Volume 75, Number 28 | Nov. 30 - Dec. 06, 2005

A special Villager supplement

Beats and bongos to business: A special community

By Jim Hart

I made my first pilgrimage to Greenwich Village from nearby Long Island in the early ’60s. My parents had left New York City in the mid-’50s, like so many others, to find a better life for themselves in the new sprawl of suburbia. It is hard to set this properly, but it was a terribly exotic and willful thing to do back then. Had I been discovered, I would have paid dearly for such an excursion. Greenwich Village represented everything that my parents were trying to protect us from. For, after all, Nassau County in those days was the first real Red State.
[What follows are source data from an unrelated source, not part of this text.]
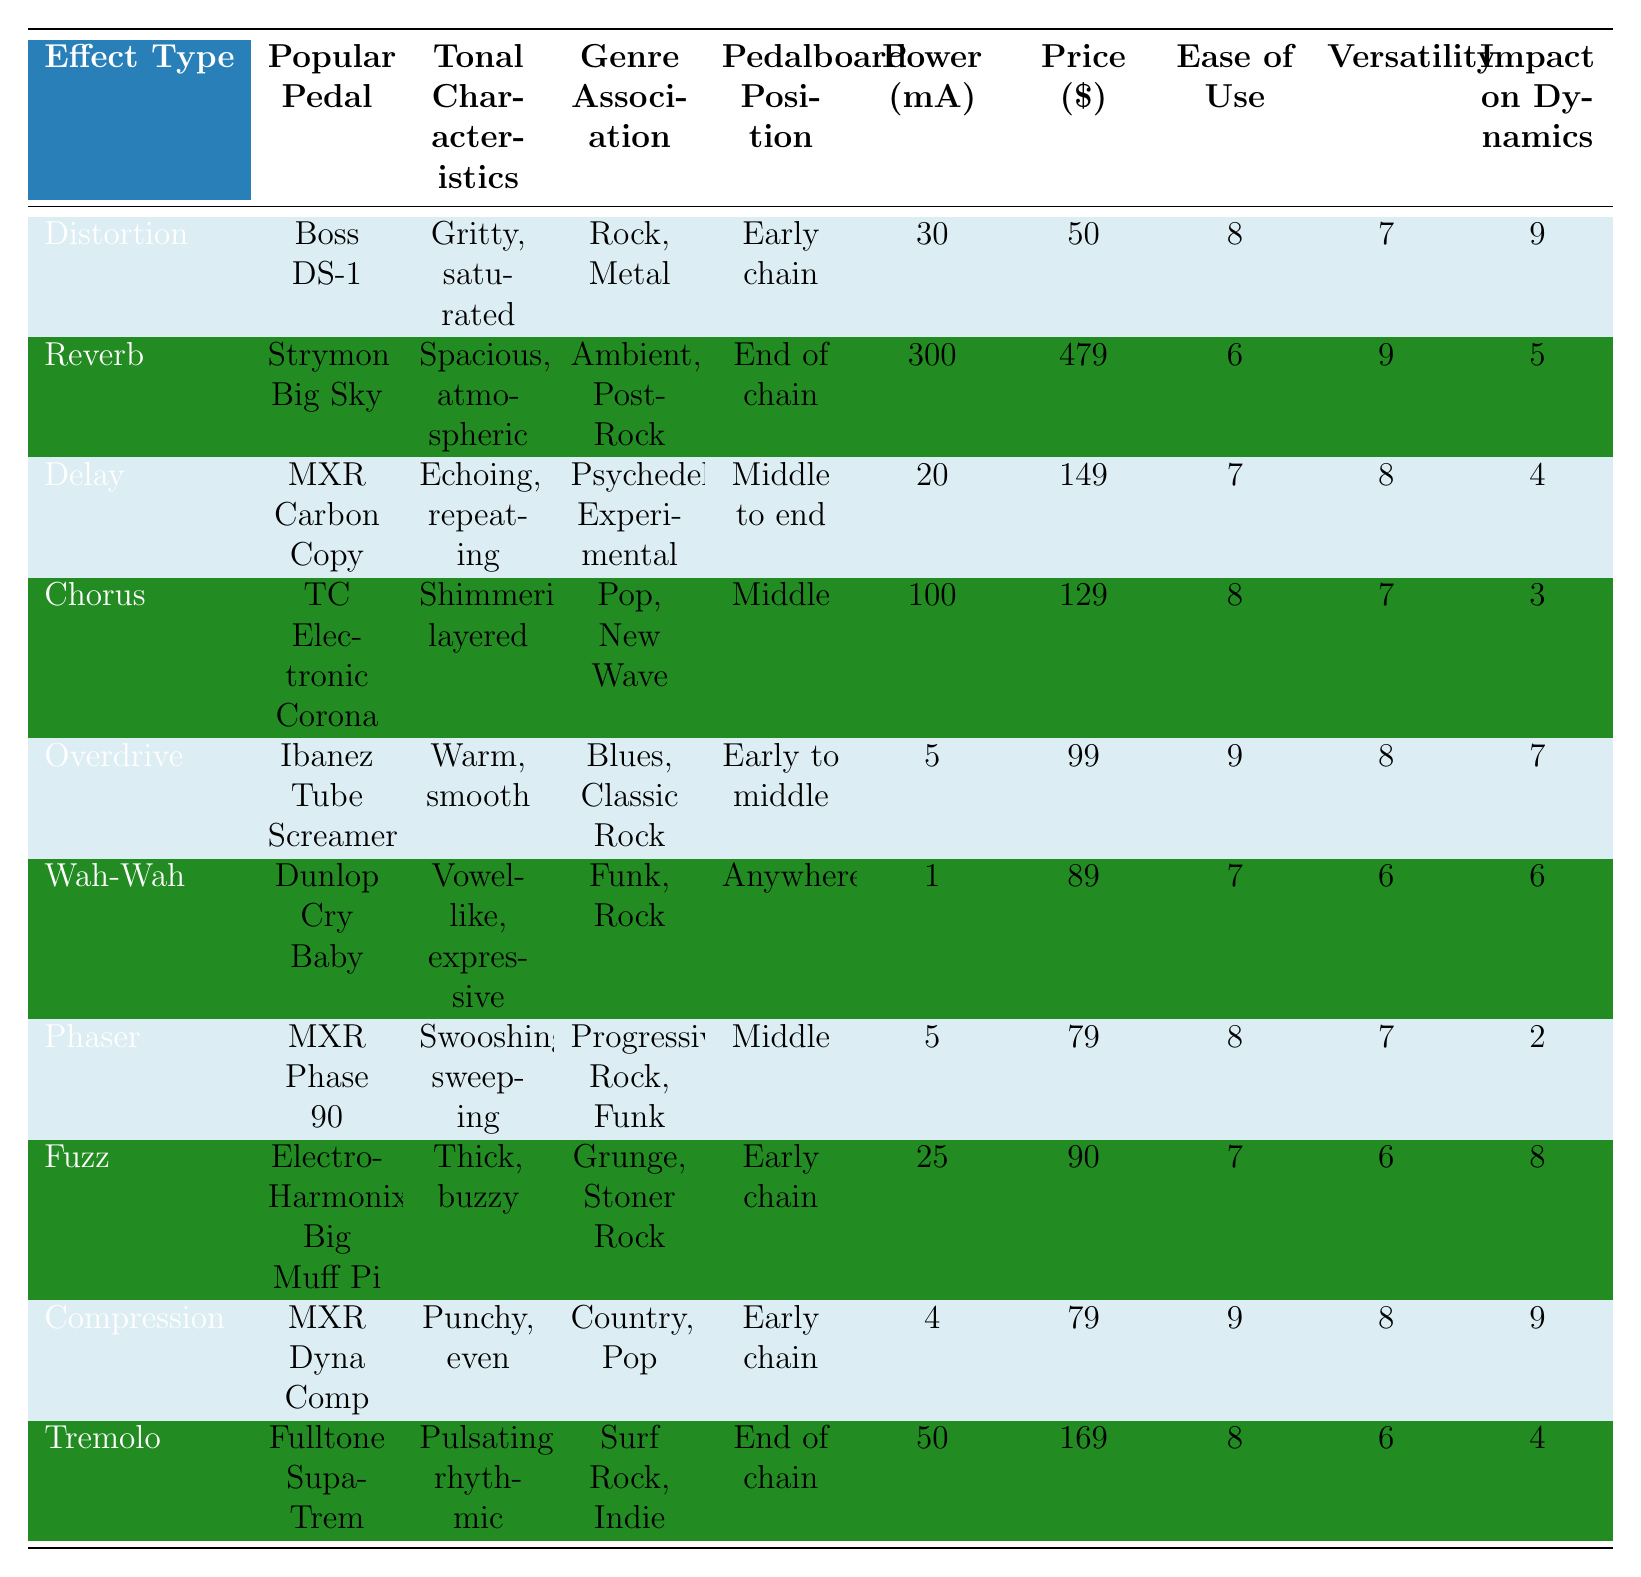What is the average price of the effects pedals listed? The prices listed are: 50, 479, 149, 129, 99, 89, 79, 90, 79, and 169. Summing these gives a total of 1,012. Since there are 10 pedals, the average price is 1,012 divided by 10, which equals 101.2.
Answer: 101.2 Which effect type is associated with the genre "Ambient, Post-Rock"? Looking at the Genre Association column, "Ambient, Post-Rock" corresponds to the Reverb effect type.
Answer: Reverb What is the power consumption of the Ibanez Tube Screamer? Referring to the Power Consumption column, the Ibanez Tube Screamer consumes 5 mA.
Answer: 5 mA Which effect has the highest ease of use rating? The Ease of Use ratings for the pedals are: 8, 6, 7, 8, 9, 7, 8, 7, 9, and 8. The highest rating is 9, which is shared by the Overdrive and Compression effects.
Answer: Overdrive and Compression Does the MXR Phase 90 have a higher or lower versatility rating than the MXR Carbon Copy? The versatility rating for MXR Phase 90 is 7, while for MXR Carbon Copy it is 8. Since 7 is less than 8, MXR Phase 90 has a lower versatility rating.
Answer: Lower Which effect type is placed at the end of the pedalboard? According to the Pedalboard Position column, the effects placed at the end of the chain are Reverb and Tremolo.
Answer: Reverb and Tremolo What is the total power consumption of all the pedals in the table? The power consumption values are: 30, 300, 20, 100, 5, 1, 5, 25, 4, and 50. Adding these together results in a total of 516 mA.
Answer: 516 mA Does every effect type provide a punchy impact on dynamics? Reviewing the Impact on Dynamics ratings, only Compression has a rating of 9, while others vary and some are lower. Thus, not every effect provides a punchy impact.
Answer: No What is the average ease of use score for the effects pedals? The Ease of Use ratings to sum are: 8, 6, 7, 8, 9, 7, 8, 7, 9, and 8. This totals 79. Dividing by 10 gives an average of 7.9.
Answer: 7.9 Which effect type has the lowest impact on dynamics and what is its score? Reviewing the Impact on Dynamics column shows that the Phaser has the lowest rating of 2.
Answer: Phaser, 2

I probably left sometime in midmorning and no doubt I was home before nightfall. But in just one afternoon I was to fall in love with a geographic place; a love affair that was to last a lifetime. It was really the first time that I was to meet, “the other.” Walking down MacDougal and Bleecker I saw my first live beatnik, my first interracial couple, first openly gay man and as I recall my first human being with long blonde hair wearing a helmet with horns sticking out of it. The sights and sounds of that day were, for me — like so many others of my generation — a place to find one’s self suddenly free and new. I sat in a place called Cafe Wha and drank some sort of faux cocktail while an aspiring beat poet read his poetry accompanied to the beat of bongo drums. By the way, have bongos become extinct? I don’t hear them much anymore. The thrill of that afternoon was mostly how it muted so much of how I thought the world worked. It allowed me to actually see and feel a world that was so much more than the one I knew. A world that challenged so many assumptions.

I spent a good deal of the rest of my life in Manhattan but home always seemed closer to me whenever I stepped off the subway at the W. Fourth St. stop. Like so many others I have met, I became convinced that very few other folks knew the real secret Greenwich Village that I had been able to discover. This ranged from the best music, off-Broadway theater, strange and exotic clubs, incredible food and endless pubs that mixed smoke and story in the most magical manner.

Chelsea, on the other hand, was mostly a place that I passed through. Other than 14th and 23rd Sts., Chelsea was a sea of dank old factory buildings with little going on that anyone would stop and bother with, especially after dark.

Well, things have changed, for Greenwich Village, Chelsea and even me. I have left New York and returned more than a couple of times. I have been married, divorced and remarried. Raised sons and daughters and have had more career changes then a Chelsea apartment has had rent increases, and now I find myself back in the Village. Just as surprising, I am also the new chairperson of The Greenwich Village-Chelsea Chamber of Commerce. That is a story of its own but I couldn’t be more excited with this new position.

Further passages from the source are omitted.